Le procédé littéraire de M. Hugo, déjà fatigant pour le lecteur il y a trois ans, s’exagère encore. L’auteur faisait de trop longues analyses des idées de Valjean ; Gilliatt était passif, et le poète pensait pour lui. Gwynplaine n’est même pas vivant : l’écrivain en fait le sujet d’une anatomie morale presque sans relâche, d’une dissertation qui commence et finit avec le livre. L’auteur s’arrête à chaque instant, et insiste sur tout comme ces promeneurs curieux qui ne sentent pas le besoin d’arriver. L’uniformité du développement se communique à la manière d’écrire. Jamais M. Victor Hugo n’a pratiqué si constamment son style martelé à force de traits, monotone à force de coupures, ses phrases qui tombent à flocons comme la tempête de neige admirablement décrite au premier volume. Ces vagues de sons et de couleurs subjuguent d’abord, puis elles pèsent et accablent comme les passes d’un infatigable magnétiseur. Enfin la langue française, dont M. Victor Hugo a si bien parlé dans son éloquent pamphlet, est contrainte à son tour de gémir des expressions tout anglaises dont il lui arrive souvent de la surcharger.

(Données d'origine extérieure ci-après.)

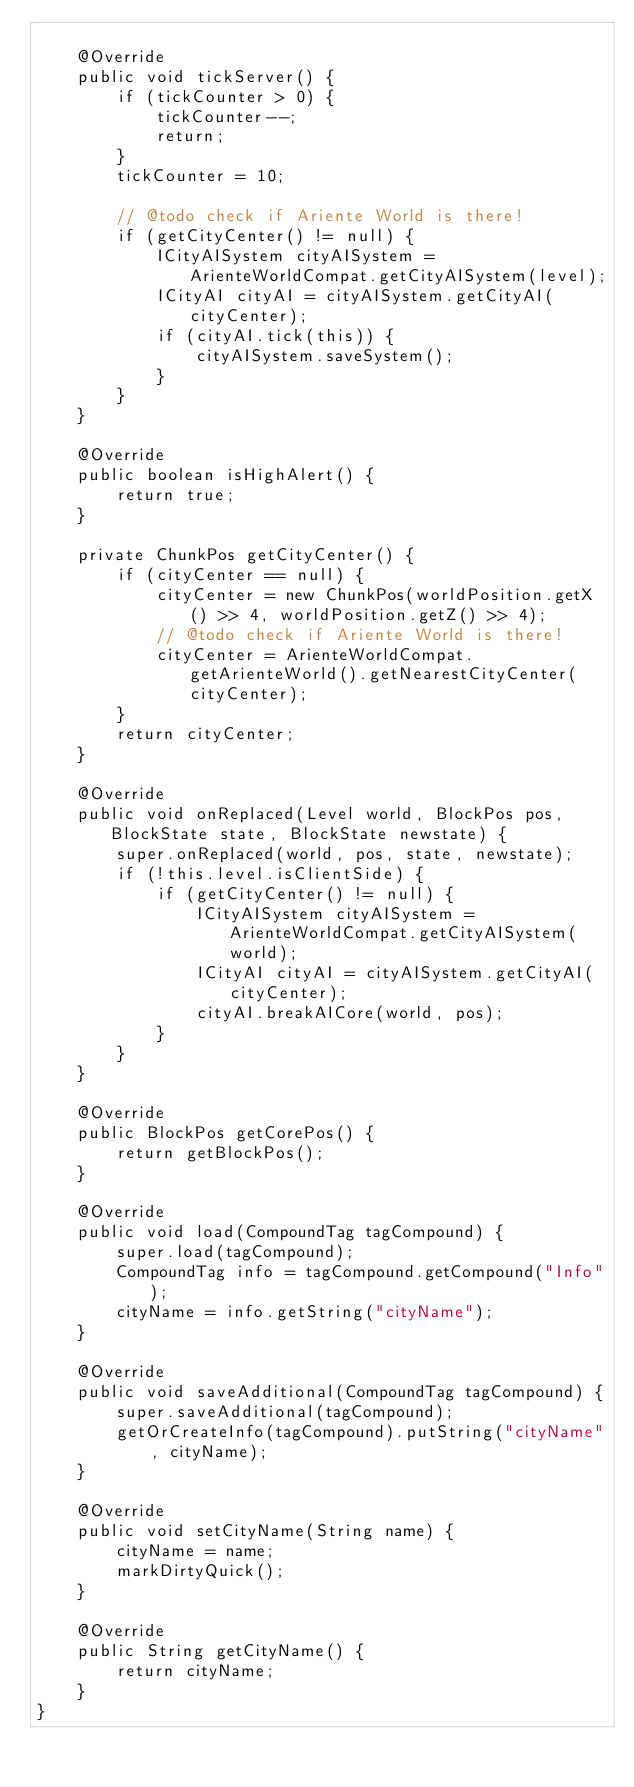Convert code to text. <code><loc_0><loc_0><loc_500><loc_500><_Java_>
    @Override
    public void tickServer() {
        if (tickCounter > 0) {
            tickCounter--;
            return;
        }
        tickCounter = 10;

        // @todo check if Ariente World is there!
        if (getCityCenter() != null) {
            ICityAISystem cityAISystem = ArienteWorldCompat.getCityAISystem(level);
            ICityAI cityAI = cityAISystem.getCityAI(cityCenter);
            if (cityAI.tick(this)) {
                cityAISystem.saveSystem();
            }
        }
    }

    @Override
    public boolean isHighAlert() {
        return true;
    }

    private ChunkPos getCityCenter() {
        if (cityCenter == null) {
            cityCenter = new ChunkPos(worldPosition.getX() >> 4, worldPosition.getZ() >> 4);
            // @todo check if Ariente World is there!
            cityCenter = ArienteWorldCompat.getArienteWorld().getNearestCityCenter(cityCenter);
        }
        return cityCenter;
    }

    @Override
    public void onReplaced(Level world, BlockPos pos, BlockState state, BlockState newstate) {
        super.onReplaced(world, pos, state, newstate);
        if (!this.level.isClientSide) {
            if (getCityCenter() != null) {
                ICityAISystem cityAISystem = ArienteWorldCompat.getCityAISystem(world);
                ICityAI cityAI = cityAISystem.getCityAI(cityCenter);
                cityAI.breakAICore(world, pos);
            }
        }
    }

    @Override
    public BlockPos getCorePos() {
        return getBlockPos();
    }

    @Override
    public void load(CompoundTag tagCompound) {
        super.load(tagCompound);
        CompoundTag info = tagCompound.getCompound("Info");
        cityName = info.getString("cityName");
    }

    @Override
    public void saveAdditional(CompoundTag tagCompound) {
        super.saveAdditional(tagCompound);
        getOrCreateInfo(tagCompound).putString("cityName", cityName);
    }

    @Override
    public void setCityName(String name) {
        cityName = name;
        markDirtyQuick();
    }

    @Override
    public String getCityName() {
        return cityName;
    }
}
</code>

La lecture de l’Homme qui rit aboutit à la même conclusion que celle des œuvres précédentes de l’auteur, mais autrement décisive et impérieuse ; Il y a des habitudes intellectuelles qui tiennent à l’air que l’on respire : les organisations les plus puissantes, les tempéramens les plus robustes n’y sauraient résister. Que sera-ce lorsque les perspectives de l’exil y ajoutent leurs illusions ! Certaines situations politiques rendent le succès littéraire plus facile. On se prête alors à des admirations généreuses qui se prolongent avec ces situations. Cependant le préjugé politique retire capricieusement ce qu’il a donné. Si par hasard des soins plus sérieux détournent les esprits, il n’y a plus qu’une indulgence silencieuse pour un livre que ne défend pas assez sa valeur même, et l’œuvre littéraire demeure avec ses faiblesses devant un public distrait. La solitude a multiplié les chances d’erreur, l’éloignement a favorisé les illusions d’optique : comment ne pas reconnaître que l’exil est un mal ?


Louis ETIENNE.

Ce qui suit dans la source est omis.